As I started drafting my list of questions, I reflected a bit on Greg’s phrase “what we’re trying to help our learners do”. I ended up with a list that was focused around the stages in our learner’s research (ie, those cartoons of the scientific methods that we learned about in high school), rather than the particular tasks that they may want to perform. Overall, though, I’d say that the questions aren’t so different from Greg’s, although they’re phrased and organized differently. Note that my descriptions of the “Expert” are probably more like “Advanced Intermediate”, since that is roughly how I would characterize the limits of my own knowledge :P.
Before beginning the “computational” part of their research, I’m presuming that our students have selected some question of scientific interest, found a source of raw data, and selected a reasonable approach for data analysis.
- How do I get the data into a useful, cleaned, and correctly formatted digital file without making errors?
- Novice: type everything into an Excel spreadsheet, or open the raw data file and copy/paste into a new file
- Intermediate: do the same, but with notes on each step and saving copies of the raw and final data (or perhaps writing a small script to track actions); files are intelligently named and organized; end results are visually checked
- Expert: all file conversions automated with error checking; conversion script unit and integration tested, data files are text-based
- How do I fit this data to my model / compare the data to my theory / calculate useful descriptive data metrics, and how do I test the significance of my findings?
- Novice: open GUI (R, Stata, Excel) and type in commands to load data, run stock commands, and save results with File -> Save or copy/paste (limited to functions built into program)
- Intermediate: use small scripts for all analysis; use mostly built in libraries with some additional custom functions added, and automatically saving output as text files; OOP
- Expert: modular code; combination of multiple languages/platforms when needed; parallel processing
- How do I validate the results of Step 2?
- Novice: perhaps none, or visual inspection of results against known data from other papers, books, etc.
- Intermediate: visual inspection; ask an expert; basic error checking within code (eg, probability distributions must sum to 1, return value of function cannot exceed 1, etc.)
- Expert: all code unit tested, test driven development; integration tests; toy data sets
- How do I record or track all of the steps that I’ve taken in my analysis up to this point?

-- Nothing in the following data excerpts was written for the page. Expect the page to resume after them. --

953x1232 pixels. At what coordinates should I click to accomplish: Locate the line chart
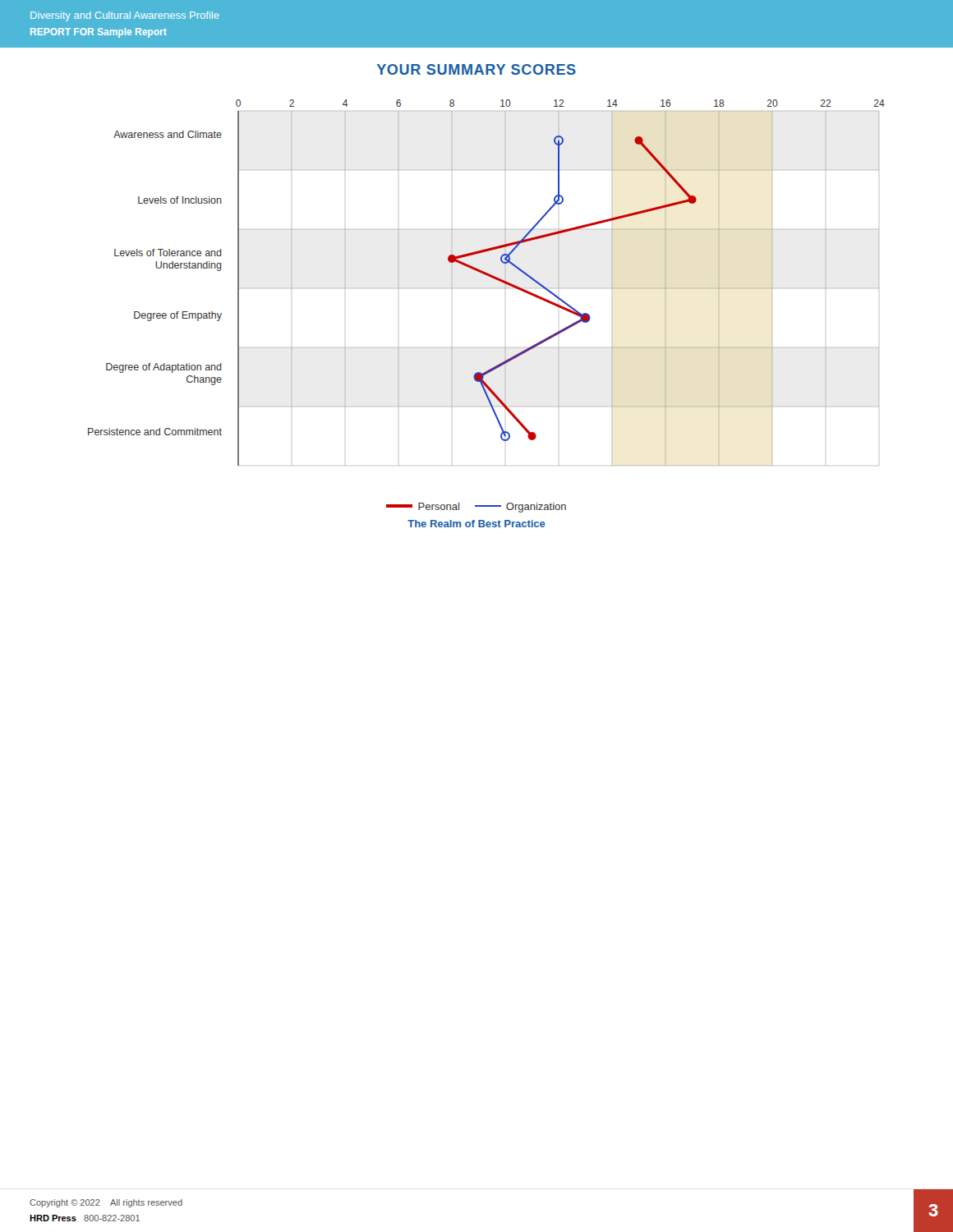(x=476, y=293)
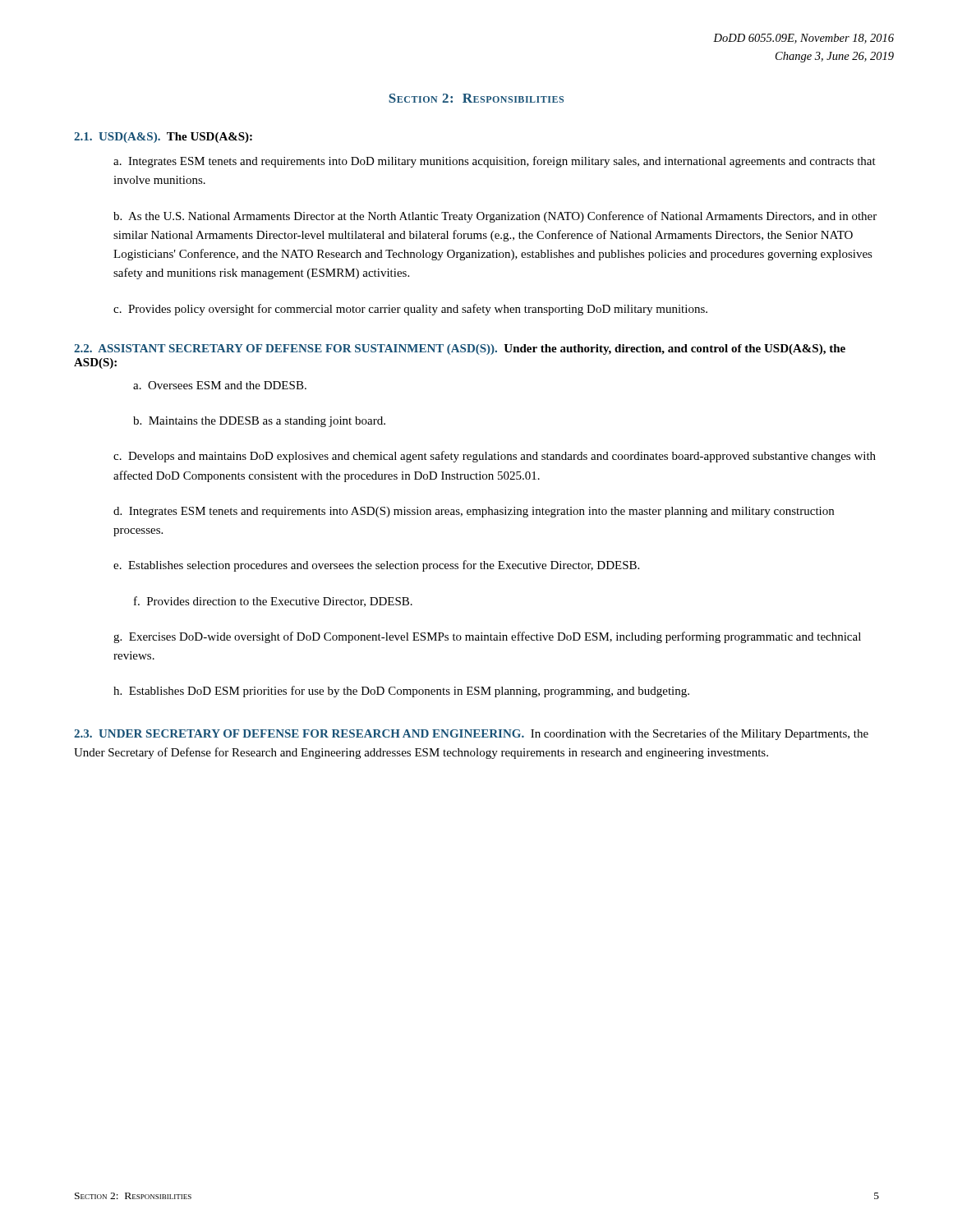953x1232 pixels.
Task: Click the passage that begins "c. Provides policy oversight for commercial motor carrier"
Action: tap(411, 308)
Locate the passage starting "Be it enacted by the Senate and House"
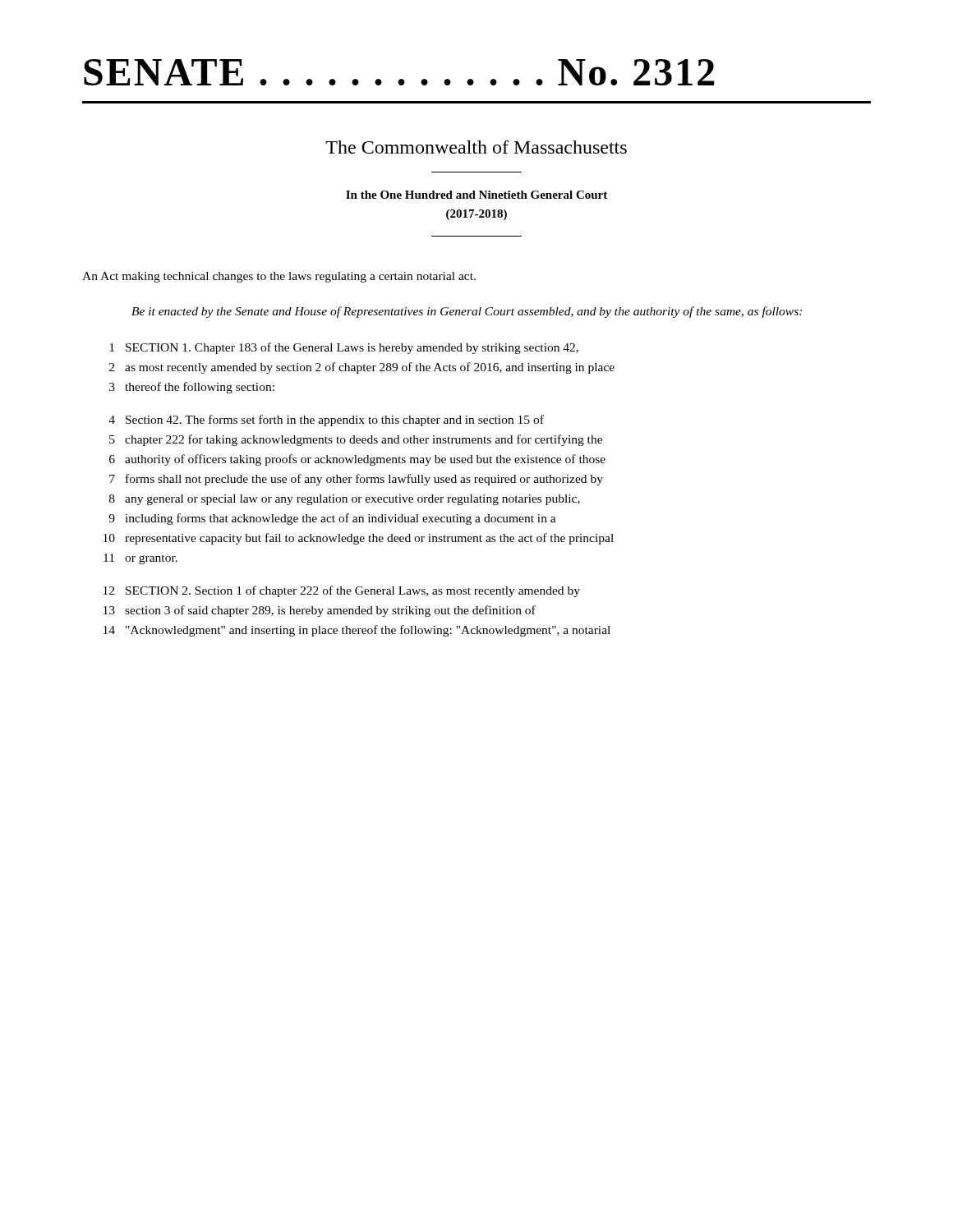 click(x=467, y=311)
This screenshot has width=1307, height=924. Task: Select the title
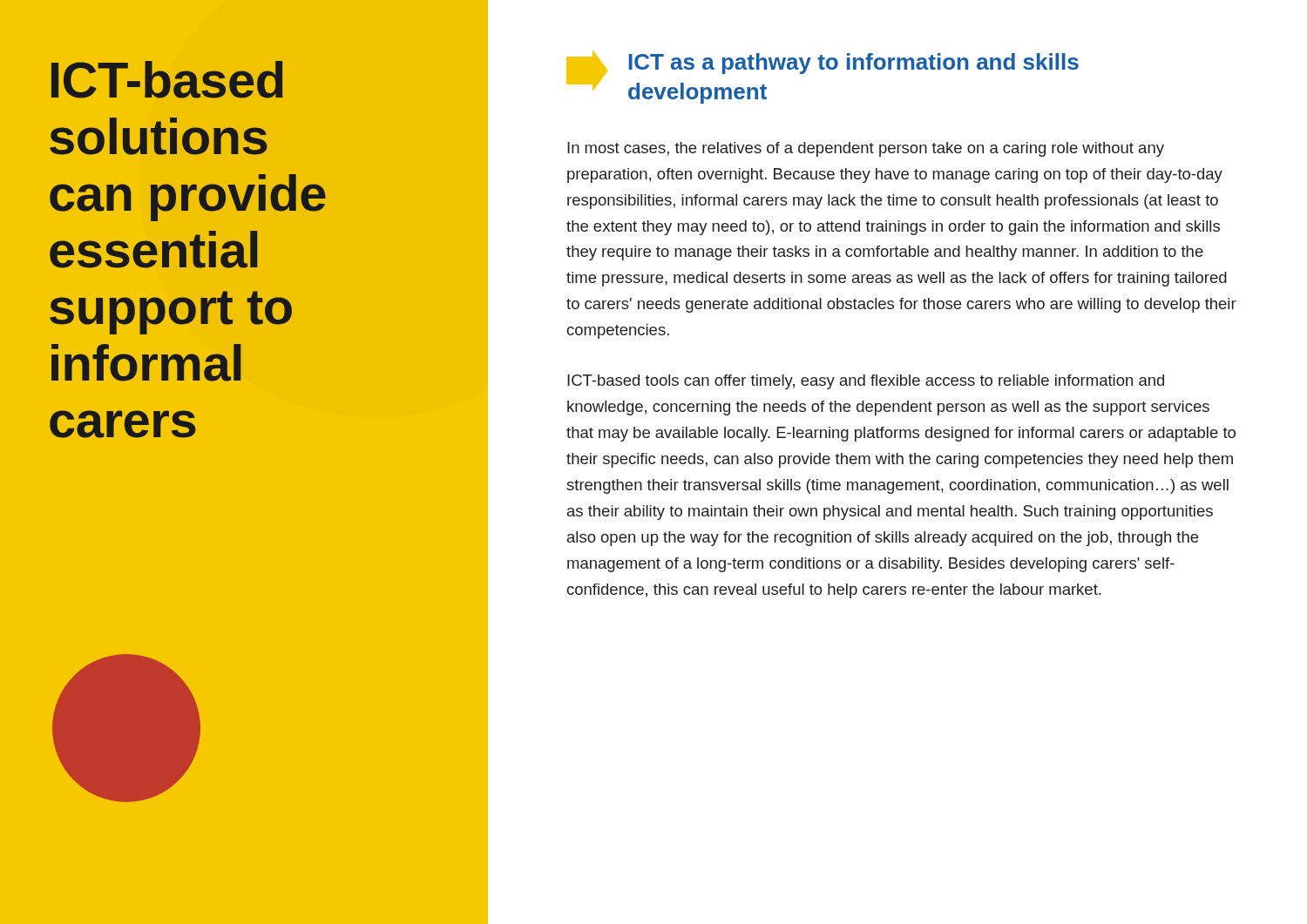253,250
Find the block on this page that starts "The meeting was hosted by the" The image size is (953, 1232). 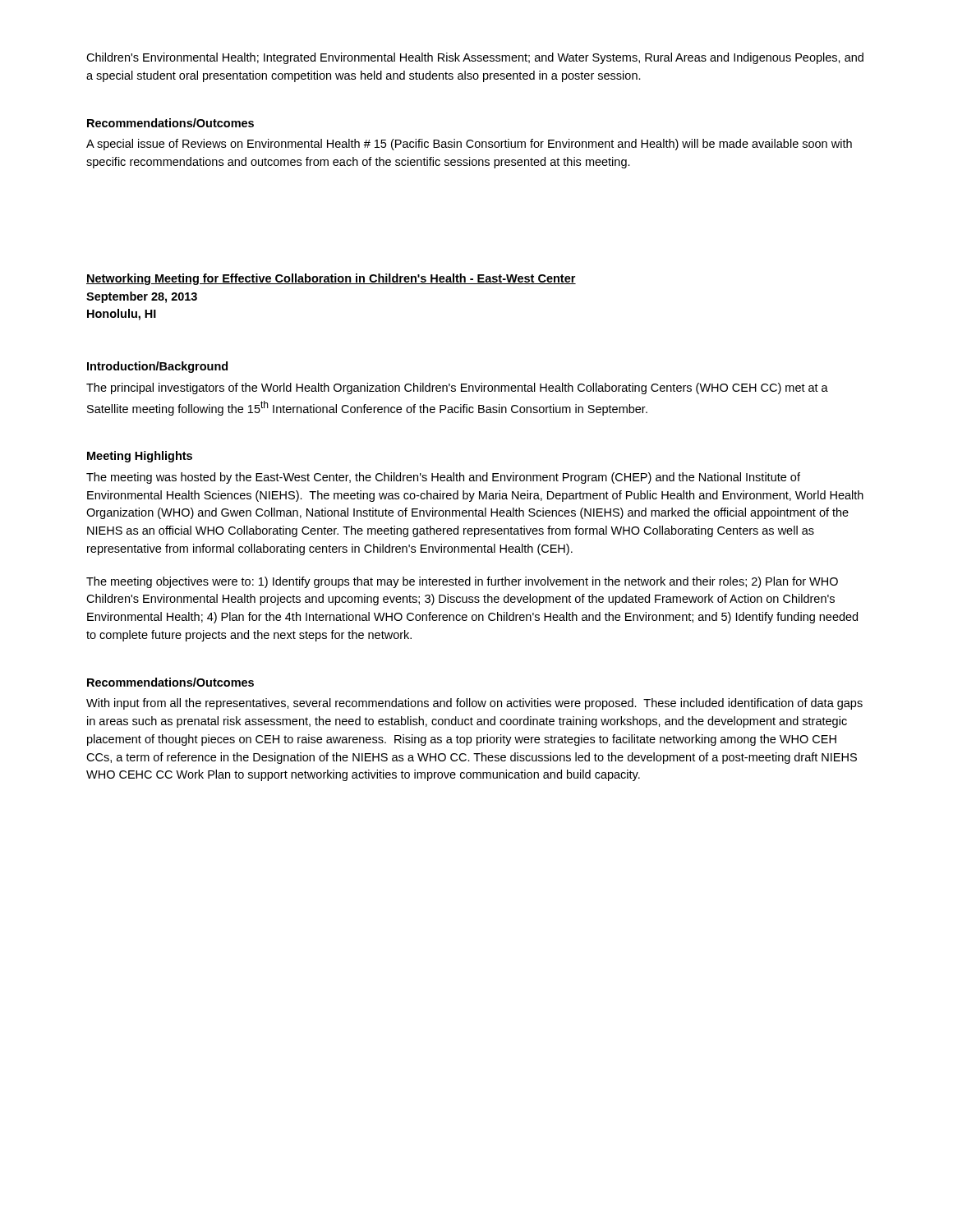(x=476, y=514)
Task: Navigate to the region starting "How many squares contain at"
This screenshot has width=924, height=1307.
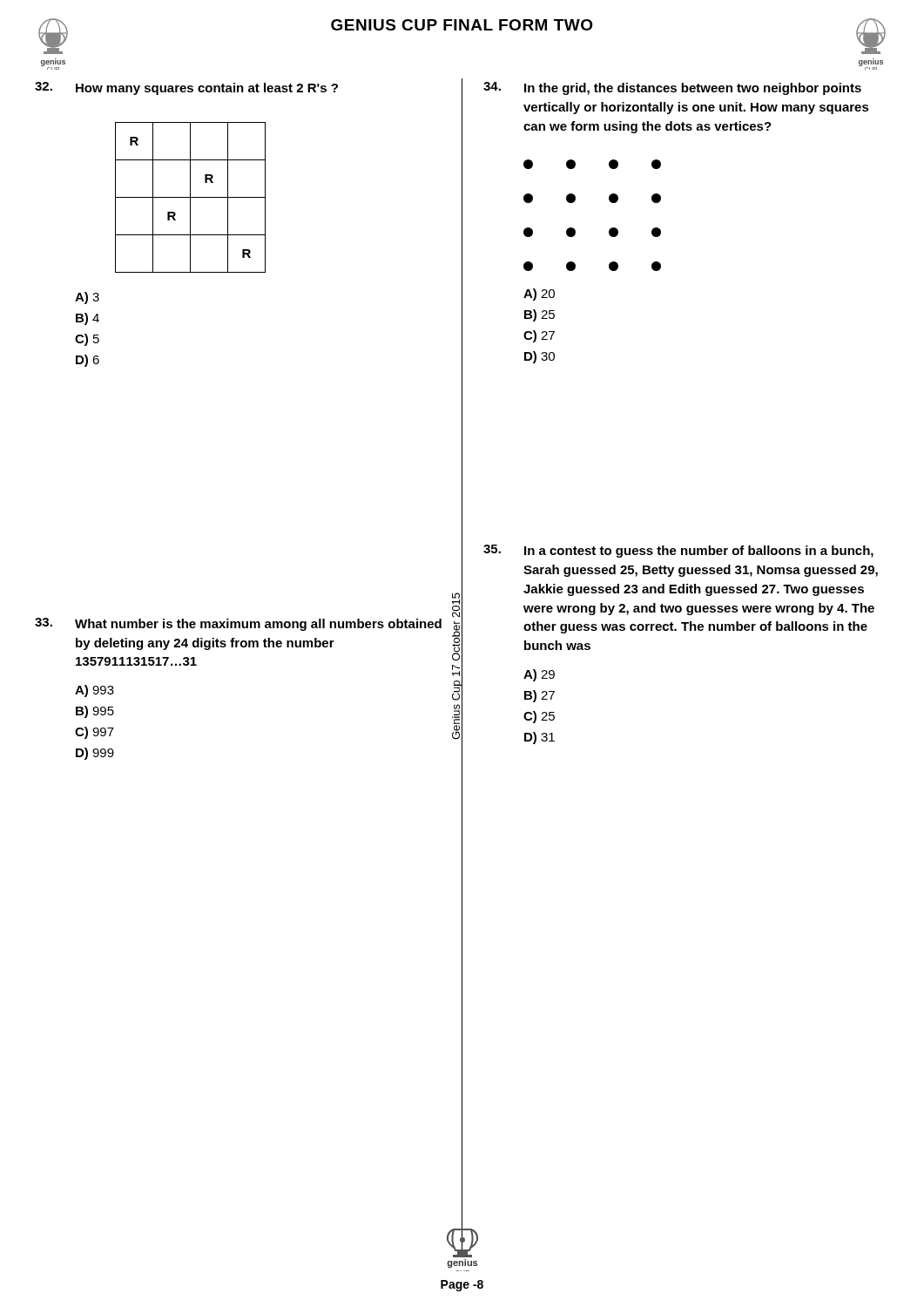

- Novice: probably didn’t (has some missing links in the “chain of command” from raw data to final results), or took manual notes in lab notebook or digital document
- Intermediate: files are all housed in single directory (or scattered throughout HD) — every step is logged somewhere, but would not be easy to recreate results; version control, but use may not be consistent
- Expert: all source files (including drafts of eventual writeup) under version control with branches, tags, etc; all intermediate data files saved; no manual modification of files; “single button” reproducible workflow
- How do I get my results into “presentation form” — figures, tables, manuscript, etc.?
- Novice: copy back into Excel / Word doc
- Intermediate: use graphical interface or console to manually adjust figures, save to hard drive; write data tables from scripts, copy into manuscript; manual file format conversions where needed
- Expert: fully automated generation of figures and tables in appropriate digital format; automatic inclusion in manscript where useful (ie, Sweave, LaTex includes)
- How do I curate or organize all of these data and results for the future?
- Novice: none, leave everything in the folder where it was generated, maybe add a file with “notes to self” and collecte all files into one folder
- Intermediate: files given useful names and stored in central location; version control; public repos
- Expert: all files have already been stored in standard directory hierarchy (ie, src, data, doc) and named with documented conventions; reusable code stored in known locations on system; high quality docstrings, documentation (Sphinx)
Reviewing this week’s materials has also made me think more about the fact that many scientists probably don’t innately want to learn how to become good programmers (or even computational scientists) — many of them probably just want to learn enough so that they can get back to their “regular work”. For these people, it’s starting to seem to me that arguing for a reproducible workflow (ala Victoria Stodden) could be the Trojan horse that gets these techniques out into the hands of more scientists. I think it would be pretty hard for any scientist to argue that their computational work shouldn’t be reproducible, since presumably they already hold themselves to this standard in their other work.